Luke, watering the orange tree... And his brother and sister. If you look closely, you can see a screaming boy peeking out the very top of the tree. Again, no surprise that this is Levi.




Sophie has figured out how to fit in perfectly. Nothing says "Addink kid" like boy undies on your head!




Sunday, January 15, 2012

Enjoy a little late breaking holiday spirit

Update to the post below:  I discovered that because I made the video during the exclusive 48 hour window when they were offering it free, I can post it.  Whoop-ee!  Enjoy!

Personalize funny videos and birthday eCards at JibJab!

Saturday, January 14, 2012

Makes a father's heart swell with pride...

Levi and Noah had parent teacher conferences on Friday.  One of the sheets for review was Levi's sentence composition worksheet.  "Heat" is really "hate," and you should pronounce the last word with hard "c" sounds like "k."


Paige said she wasn't supposed to take this paper home, but had to because she was laughing so hard at it.

And when she finally stopped laughing, she promptly told their teacher that she blamed this all on his father.

Which is probably appropriate.

Before Christmas I got an email from Jib Jab informing me that they had a new Christmas themed video...



So I immediately clicked the link, and loaded up the Addink kid faces into the video.  Which, as you may have guessed, was the Nutcracker theme, performed with flatulence.


 

Unfortunately I can't post the video without paying $12 to become a member, but you can make your own here.

So as kids and I were dying laughing at the video of them prancing around and tooting the music... Mom walked up.

She was not impressed at my parenting skills.

I was immediately sent to time out, which the kids thought was even funnier than the video.

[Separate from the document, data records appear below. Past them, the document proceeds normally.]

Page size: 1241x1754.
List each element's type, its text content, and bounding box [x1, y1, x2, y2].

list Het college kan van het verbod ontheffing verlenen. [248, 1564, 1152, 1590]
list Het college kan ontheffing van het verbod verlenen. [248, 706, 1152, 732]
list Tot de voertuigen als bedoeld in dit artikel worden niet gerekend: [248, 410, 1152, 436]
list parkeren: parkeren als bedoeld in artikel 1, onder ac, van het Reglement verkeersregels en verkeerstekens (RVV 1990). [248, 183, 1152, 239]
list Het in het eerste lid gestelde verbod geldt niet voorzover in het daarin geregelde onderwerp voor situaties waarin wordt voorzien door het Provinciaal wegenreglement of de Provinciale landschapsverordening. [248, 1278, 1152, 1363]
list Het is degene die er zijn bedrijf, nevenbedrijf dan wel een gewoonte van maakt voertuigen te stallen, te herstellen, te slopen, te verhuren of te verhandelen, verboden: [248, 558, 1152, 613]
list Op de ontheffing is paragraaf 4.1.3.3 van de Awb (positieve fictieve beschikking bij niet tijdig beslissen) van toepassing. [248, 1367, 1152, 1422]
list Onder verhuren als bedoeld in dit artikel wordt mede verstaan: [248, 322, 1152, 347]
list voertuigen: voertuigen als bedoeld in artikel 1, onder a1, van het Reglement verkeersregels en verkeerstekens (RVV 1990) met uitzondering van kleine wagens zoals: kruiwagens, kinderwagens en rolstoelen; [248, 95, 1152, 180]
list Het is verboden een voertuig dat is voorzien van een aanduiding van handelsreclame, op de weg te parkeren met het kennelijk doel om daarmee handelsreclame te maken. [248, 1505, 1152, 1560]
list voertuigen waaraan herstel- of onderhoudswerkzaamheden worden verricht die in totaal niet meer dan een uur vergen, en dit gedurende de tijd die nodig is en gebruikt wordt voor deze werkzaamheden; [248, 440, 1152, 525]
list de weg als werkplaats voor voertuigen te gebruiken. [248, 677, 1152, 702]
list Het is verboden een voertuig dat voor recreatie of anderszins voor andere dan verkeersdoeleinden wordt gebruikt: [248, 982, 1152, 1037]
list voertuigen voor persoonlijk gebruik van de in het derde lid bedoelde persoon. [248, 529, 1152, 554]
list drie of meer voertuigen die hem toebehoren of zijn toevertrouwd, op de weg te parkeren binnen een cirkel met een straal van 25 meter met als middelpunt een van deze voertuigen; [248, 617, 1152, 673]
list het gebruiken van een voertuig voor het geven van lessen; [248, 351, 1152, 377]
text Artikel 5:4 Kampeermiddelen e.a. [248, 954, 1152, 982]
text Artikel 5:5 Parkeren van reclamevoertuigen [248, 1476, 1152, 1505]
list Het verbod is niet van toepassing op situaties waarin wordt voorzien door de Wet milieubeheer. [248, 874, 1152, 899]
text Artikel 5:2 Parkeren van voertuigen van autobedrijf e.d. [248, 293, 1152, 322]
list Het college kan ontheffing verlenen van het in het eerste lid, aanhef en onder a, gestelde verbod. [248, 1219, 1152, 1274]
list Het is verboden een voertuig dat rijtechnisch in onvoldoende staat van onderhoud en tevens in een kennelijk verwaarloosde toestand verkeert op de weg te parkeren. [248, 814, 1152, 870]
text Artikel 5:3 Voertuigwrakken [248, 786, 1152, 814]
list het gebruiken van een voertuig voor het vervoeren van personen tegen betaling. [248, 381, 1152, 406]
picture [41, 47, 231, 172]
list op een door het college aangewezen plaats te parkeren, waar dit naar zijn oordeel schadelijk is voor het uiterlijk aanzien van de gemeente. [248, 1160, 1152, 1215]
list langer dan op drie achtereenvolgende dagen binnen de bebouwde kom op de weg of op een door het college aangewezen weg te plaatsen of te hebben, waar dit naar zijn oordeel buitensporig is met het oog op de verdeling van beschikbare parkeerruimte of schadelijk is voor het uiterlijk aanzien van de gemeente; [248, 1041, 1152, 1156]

Thus Levi was inspired for his declarative, interrogative, exclamatory, imperative, and compound sentences (and got 100% on the worksheet, mildly inappropriate subject matter and all.)

Luke-isms


Luke is absoultely hilarious lately.  This kid talks non-stop, and lives in this imaginary universe full of space cowboys, desert bulls, and various other creatures.  Plus, he says most of his "r" and "l" sounds as this odd combinations of "w" and "h."  And all his "o" sounds come out like "awe."  That means his daily monologue is this minature version of Elmer Fudd, wandering through the house discussing desert bull potty behavior or space cowboy planet roping technique.

So here is a post dedicated to Luke-isms, some personally witnessed, others texted to me by Paige:

  • One of my favorites is mouth, teeth, and breath.  The other days, as he is galloping out to the van, he says to me "Dad, I am gowing to cwose my mouse, and howd my bweast behind my teats."  Seriously... how do you respond to that sentence?
  • "Mowm, wouwd lowng howrnie be a good name for a lowng howrn?"  I have no idea what he was talking about either.
  • In an exasperated voice... "Mowm, wook what Sophie did.  She bwoke dis cap owff.  Ohhhh, this child!"
  • "Dis shawrk has lownger teats than owther shawrks.  It's a tusk shawrk!"
  • "What do weindeewr eat?  Ohhh, gwass!  OK, I'm going outside to eat gwass.  Hey wait!  How do dey eat gwass if they live in the awrtic?!"
  • "Uncastwated means fixed, ownly diffewentewr."  Paige claims he made up the word "castrated" but I am convince Grandpa must have been telling his stories on the "farm" at Christmas.
  • Space cowboy has been an ongoing theme for quite a while.  He wanders about talking about his plans for his spaceship, how mom is going to come along to make food, Dad is coming to come with the guns, and help rope the planets, Levi will bring donuts from his donut shop (Levi's current aspiration in life is to become a donut shop man.)  He describes how they will rope all the planets and crack them in half, and fly into the sun, and how the spaceship will have a soccer field inside it, and...  Seriously, it is non-stop chatter four hours about outer space plans.  And of course, all proper space cowboys wear purple pirate hats...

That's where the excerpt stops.